Our job isn’t to fix them. They aren’t broken. Our job is to understand them. Only then can we steer our response in the right direction. Otherwise we’re throwing darts at the wrong target - behaviour, instead of the need behind the behaviour. 

Watch, listen, breathe and be with. Feel what they feel. This will help them feel you with them. We all feel safer and calmer when we feel our people beside us - not judging or hurrying or questioning. What don’t you know, that they need you to know?♥️
We all have first up needs. The difference between adults and children is that we can delay the meeting of these needs for a bit longer than children - but we still need them met. 

The first most important question the brain needs answered is, ‘Is my body safe?’ - Am I free from threat, hunger, exhaustion, pain? This is usually an easier one to take care of or to recognise when it might need some attention. 

The next most important question is, ‘Is my heart safe?’ - Am I loved, noticed, valued, claimed, wanted, welcome? This can be an easy one to overlook, especially in the chaos of the morning. Of course we love them and want them - and sometimes we’ll get distracted, annoyed, frustrated, irritated. None of this changes how much we love and want them - not even for a second. We can feel two things at once - madly in love with them and annoyed/ distracted/ frustrated. Sometimes though, this can leave their ‘Is my heart safe?’ needs a little hungry. They have less capacity than us to delay the meeting of these needs. When these needs are hungry, we’ll be more likely to see big feelings or big behaviour. 

The more you can fill their love tanks at the start of the day, the more they’ll be able to handle the bumps. This doesn’t have to be big. It just has to be enough. It might look like having a cuddle, reading a story, having a chat, sitting with them while they have breakfast or while they pat the dog, touching their back when they walk past, telling them you love them.

All brains need to feel loved and wanted, and as though they aren’t a nuisance, but sometimes they’ll need to feel it more. The more their felt sense of relational safety is met, the more they’ll be able to then focus on ‘thinking brain’ things, such as planning, making good decisions, co-operating, behaving. 

(And if this today was a bumpy one, that’s okay. Those days are going to happen. If most of the time their love tanks are full, they’ll handle when it drops a little. Just top it up when you can. And don’t forget to top yours up too. Be kind to yourself. You deserve it as much as they do.)♥️
Things will always go wrong - a bad decision, a good decision with a bad outcome, a dilemma, wanting something that comes with risk. 

Often, the ‘right thing’ lives somewhere in the very blurry bounds of the grey. Sometimes it will be about what’s right for them. Sometimes what’s right for others. Sometimes it will be about taking a risk, and sometimes the ‘right’ thing just feels wrong right now, or wrong for them.
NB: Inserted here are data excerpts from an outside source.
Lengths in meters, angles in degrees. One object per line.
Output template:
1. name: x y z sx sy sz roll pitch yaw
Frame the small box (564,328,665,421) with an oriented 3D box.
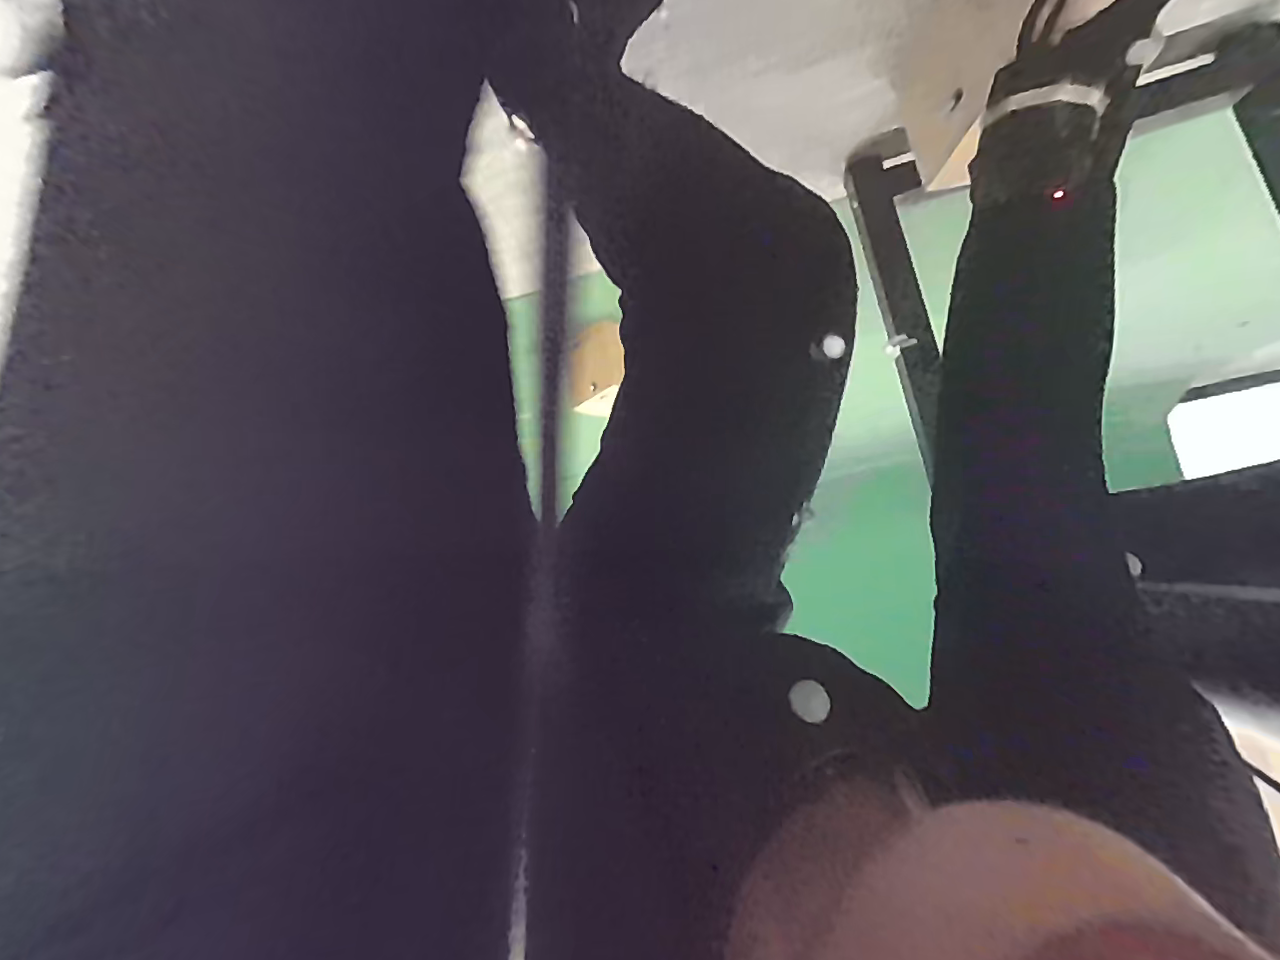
1. small box: -0.065 -0.255 1.327 0.179 0.176 0.168 0 165 -44

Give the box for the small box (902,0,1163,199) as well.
1. small box: 0.439 -0.478 0.643 0.168 0.176 0.179 -9 171 0
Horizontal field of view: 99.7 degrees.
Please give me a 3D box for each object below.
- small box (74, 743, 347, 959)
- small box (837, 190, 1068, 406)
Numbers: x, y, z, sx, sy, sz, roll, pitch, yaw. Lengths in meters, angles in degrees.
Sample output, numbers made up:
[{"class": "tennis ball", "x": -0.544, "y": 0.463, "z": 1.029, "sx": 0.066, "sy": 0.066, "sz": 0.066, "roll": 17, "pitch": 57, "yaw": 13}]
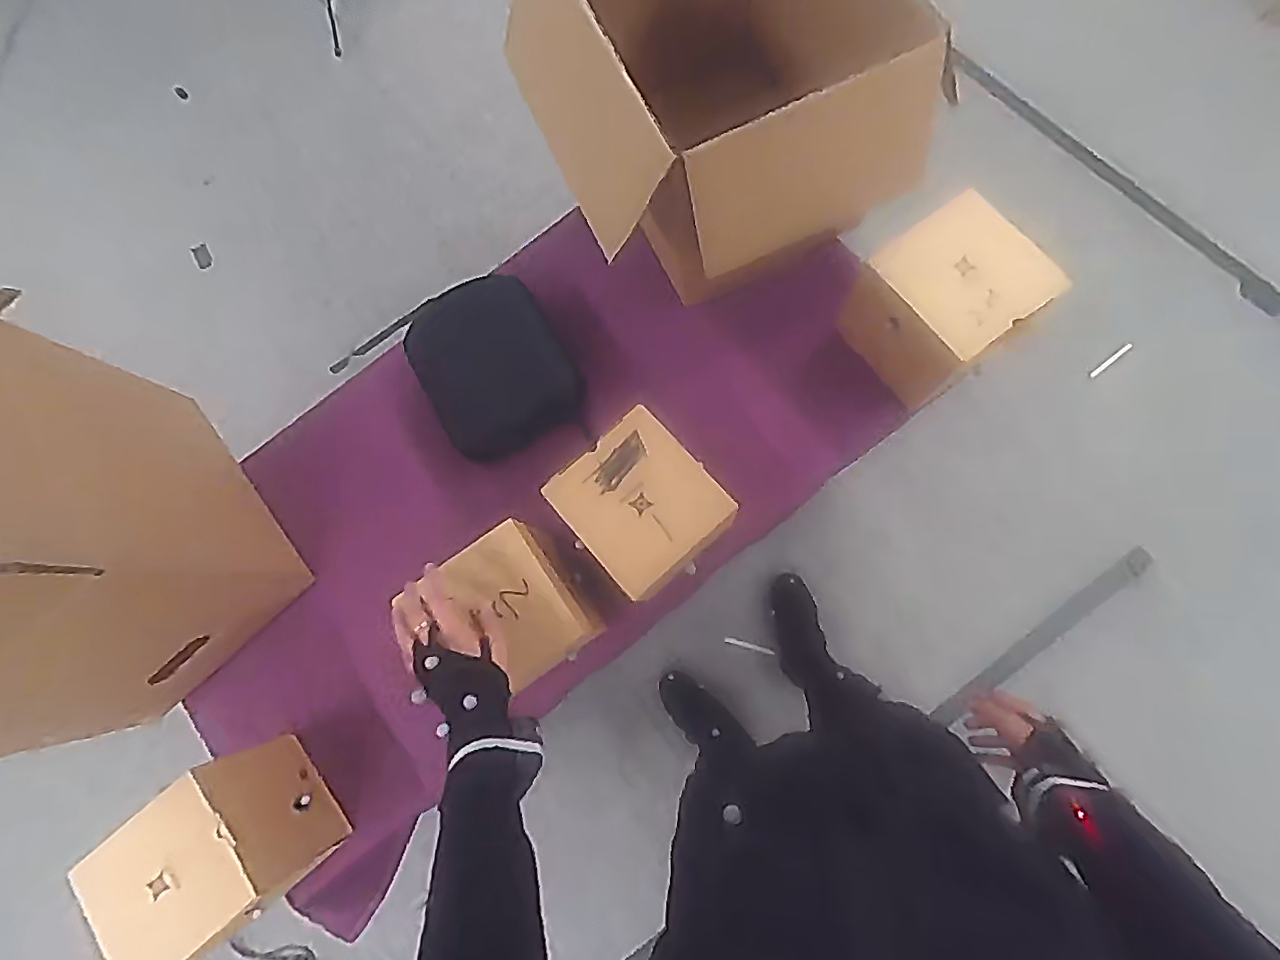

Even as adults, we will often get things wrong. This isn’t because we’re bad, or because we don’t know the right thing from the wrong thing, but because few things are black and white. 

The problem with punishment and harsh consequences is that we remove ourselves as an option for them to turn to next time things end messy, or as a guide before the mess happens. 

Feeling safe in our important relationships is a primary need for all of us humans. That means making sure our relationships are free from judgement, humiliation, shame, separation. If our response to their ‘wrong things’ is to bring all of these things to the table we share with them with them, of course they’ll do anything to avoid it. This isn’t about lying or secrecy. It’s about maintaining relational ‘safety’, or closeness.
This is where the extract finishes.